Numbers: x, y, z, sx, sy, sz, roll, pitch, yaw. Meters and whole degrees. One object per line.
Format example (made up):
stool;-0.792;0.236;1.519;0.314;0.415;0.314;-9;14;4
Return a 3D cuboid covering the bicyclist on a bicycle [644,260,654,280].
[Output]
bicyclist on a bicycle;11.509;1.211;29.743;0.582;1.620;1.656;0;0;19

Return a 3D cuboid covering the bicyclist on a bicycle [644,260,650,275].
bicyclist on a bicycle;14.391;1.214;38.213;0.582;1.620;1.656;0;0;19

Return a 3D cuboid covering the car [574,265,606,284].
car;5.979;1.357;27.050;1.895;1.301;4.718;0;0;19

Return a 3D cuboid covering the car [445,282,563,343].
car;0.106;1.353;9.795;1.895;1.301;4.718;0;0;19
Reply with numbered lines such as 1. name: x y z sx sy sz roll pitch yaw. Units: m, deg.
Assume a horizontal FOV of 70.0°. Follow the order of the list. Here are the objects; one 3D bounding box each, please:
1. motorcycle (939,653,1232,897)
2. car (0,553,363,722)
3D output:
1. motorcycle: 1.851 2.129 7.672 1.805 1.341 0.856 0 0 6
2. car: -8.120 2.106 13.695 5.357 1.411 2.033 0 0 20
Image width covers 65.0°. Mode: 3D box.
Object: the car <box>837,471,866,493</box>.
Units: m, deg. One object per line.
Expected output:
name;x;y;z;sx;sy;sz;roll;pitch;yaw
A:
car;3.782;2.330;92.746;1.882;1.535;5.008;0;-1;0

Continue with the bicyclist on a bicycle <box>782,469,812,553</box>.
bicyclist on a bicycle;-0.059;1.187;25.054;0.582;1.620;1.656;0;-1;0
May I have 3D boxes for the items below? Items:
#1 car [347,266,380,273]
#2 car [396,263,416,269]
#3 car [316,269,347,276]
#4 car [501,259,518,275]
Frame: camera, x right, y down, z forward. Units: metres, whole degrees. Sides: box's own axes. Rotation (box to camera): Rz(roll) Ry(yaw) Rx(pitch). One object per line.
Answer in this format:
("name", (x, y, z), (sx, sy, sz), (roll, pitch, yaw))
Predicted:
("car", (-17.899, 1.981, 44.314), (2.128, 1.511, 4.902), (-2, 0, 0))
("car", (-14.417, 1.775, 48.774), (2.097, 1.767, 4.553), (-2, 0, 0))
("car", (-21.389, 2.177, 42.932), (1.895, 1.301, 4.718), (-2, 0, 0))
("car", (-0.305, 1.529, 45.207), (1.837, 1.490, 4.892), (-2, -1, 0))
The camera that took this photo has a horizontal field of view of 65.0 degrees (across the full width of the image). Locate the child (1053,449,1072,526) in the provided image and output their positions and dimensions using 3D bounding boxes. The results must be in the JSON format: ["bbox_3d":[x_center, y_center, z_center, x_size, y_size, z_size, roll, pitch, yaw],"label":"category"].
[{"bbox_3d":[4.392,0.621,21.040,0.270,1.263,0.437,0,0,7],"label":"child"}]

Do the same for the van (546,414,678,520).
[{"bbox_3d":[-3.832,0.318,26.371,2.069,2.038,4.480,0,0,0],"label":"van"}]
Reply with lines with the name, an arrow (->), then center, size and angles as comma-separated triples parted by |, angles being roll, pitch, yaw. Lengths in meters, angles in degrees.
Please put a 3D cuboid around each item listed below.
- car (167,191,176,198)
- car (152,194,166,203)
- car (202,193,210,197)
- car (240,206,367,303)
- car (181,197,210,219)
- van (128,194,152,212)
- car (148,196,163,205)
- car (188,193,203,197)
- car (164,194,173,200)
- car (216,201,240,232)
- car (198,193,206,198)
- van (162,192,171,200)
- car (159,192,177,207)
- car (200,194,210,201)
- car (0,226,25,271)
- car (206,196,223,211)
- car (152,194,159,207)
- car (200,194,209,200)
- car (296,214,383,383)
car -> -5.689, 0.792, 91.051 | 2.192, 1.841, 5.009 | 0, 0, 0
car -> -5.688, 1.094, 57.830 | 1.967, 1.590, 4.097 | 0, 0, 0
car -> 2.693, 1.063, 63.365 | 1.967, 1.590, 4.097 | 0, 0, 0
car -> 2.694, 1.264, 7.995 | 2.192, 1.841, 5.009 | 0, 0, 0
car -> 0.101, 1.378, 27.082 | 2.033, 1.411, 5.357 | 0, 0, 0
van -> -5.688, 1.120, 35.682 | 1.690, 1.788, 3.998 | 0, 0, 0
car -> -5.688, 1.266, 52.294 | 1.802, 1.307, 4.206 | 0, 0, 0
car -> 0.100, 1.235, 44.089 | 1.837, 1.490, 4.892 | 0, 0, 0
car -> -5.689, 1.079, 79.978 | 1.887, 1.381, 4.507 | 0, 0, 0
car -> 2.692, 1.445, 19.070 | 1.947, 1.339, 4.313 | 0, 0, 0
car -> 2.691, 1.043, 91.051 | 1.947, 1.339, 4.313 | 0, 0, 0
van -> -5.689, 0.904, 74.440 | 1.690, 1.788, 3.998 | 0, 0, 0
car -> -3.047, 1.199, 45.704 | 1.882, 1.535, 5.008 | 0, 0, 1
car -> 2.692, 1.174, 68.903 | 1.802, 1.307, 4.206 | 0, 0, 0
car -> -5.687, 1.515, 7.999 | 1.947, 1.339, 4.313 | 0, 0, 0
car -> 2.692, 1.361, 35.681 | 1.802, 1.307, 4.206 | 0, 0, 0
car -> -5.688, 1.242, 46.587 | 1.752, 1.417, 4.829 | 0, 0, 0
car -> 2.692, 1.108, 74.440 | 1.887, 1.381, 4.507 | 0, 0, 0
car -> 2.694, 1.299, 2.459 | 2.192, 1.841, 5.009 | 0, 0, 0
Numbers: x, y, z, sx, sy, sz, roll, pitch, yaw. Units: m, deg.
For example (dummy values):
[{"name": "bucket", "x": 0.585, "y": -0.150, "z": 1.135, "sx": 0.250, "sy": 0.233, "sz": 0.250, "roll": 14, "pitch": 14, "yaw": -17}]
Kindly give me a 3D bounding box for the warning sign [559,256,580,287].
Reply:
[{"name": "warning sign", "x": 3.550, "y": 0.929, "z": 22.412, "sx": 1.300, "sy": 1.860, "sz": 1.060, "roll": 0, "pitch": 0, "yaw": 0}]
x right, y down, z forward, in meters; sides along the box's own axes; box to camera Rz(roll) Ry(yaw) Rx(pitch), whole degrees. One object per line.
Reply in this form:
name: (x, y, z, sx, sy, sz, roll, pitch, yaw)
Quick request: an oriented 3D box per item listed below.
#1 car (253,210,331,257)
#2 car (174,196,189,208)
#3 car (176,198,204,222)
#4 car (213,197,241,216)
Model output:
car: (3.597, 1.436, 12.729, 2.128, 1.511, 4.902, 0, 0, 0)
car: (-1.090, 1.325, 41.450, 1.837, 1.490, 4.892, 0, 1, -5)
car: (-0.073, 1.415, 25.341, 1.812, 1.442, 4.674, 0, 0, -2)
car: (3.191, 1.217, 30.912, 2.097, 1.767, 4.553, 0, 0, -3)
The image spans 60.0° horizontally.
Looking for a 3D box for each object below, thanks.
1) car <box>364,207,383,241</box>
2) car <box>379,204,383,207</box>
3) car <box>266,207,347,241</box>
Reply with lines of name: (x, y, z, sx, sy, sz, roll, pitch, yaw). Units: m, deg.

┄┄┄┄┄┄

▶ **What needs to be done**
The lines to return are those with the string "whole" in them; copy each from the entries above.

▶ **Final answer**
Numbers: x, y, z, sx, sy, sz, roll, pitch, yaw. Meters and whole degrees. One object per line.
Frame: camera, x right, y down, z forward. Units: metres, whole degrees. Sides: box's own axes. Rotation (box to camera): Rz(roll) Ry(yaw) Rx(pitch). One object per line.
x right, y down, z forward, in meters; sides along the box's own axes; box to camera Rz(roll) Ry(yaw) Rx(pitch), whole degrees. One object per line.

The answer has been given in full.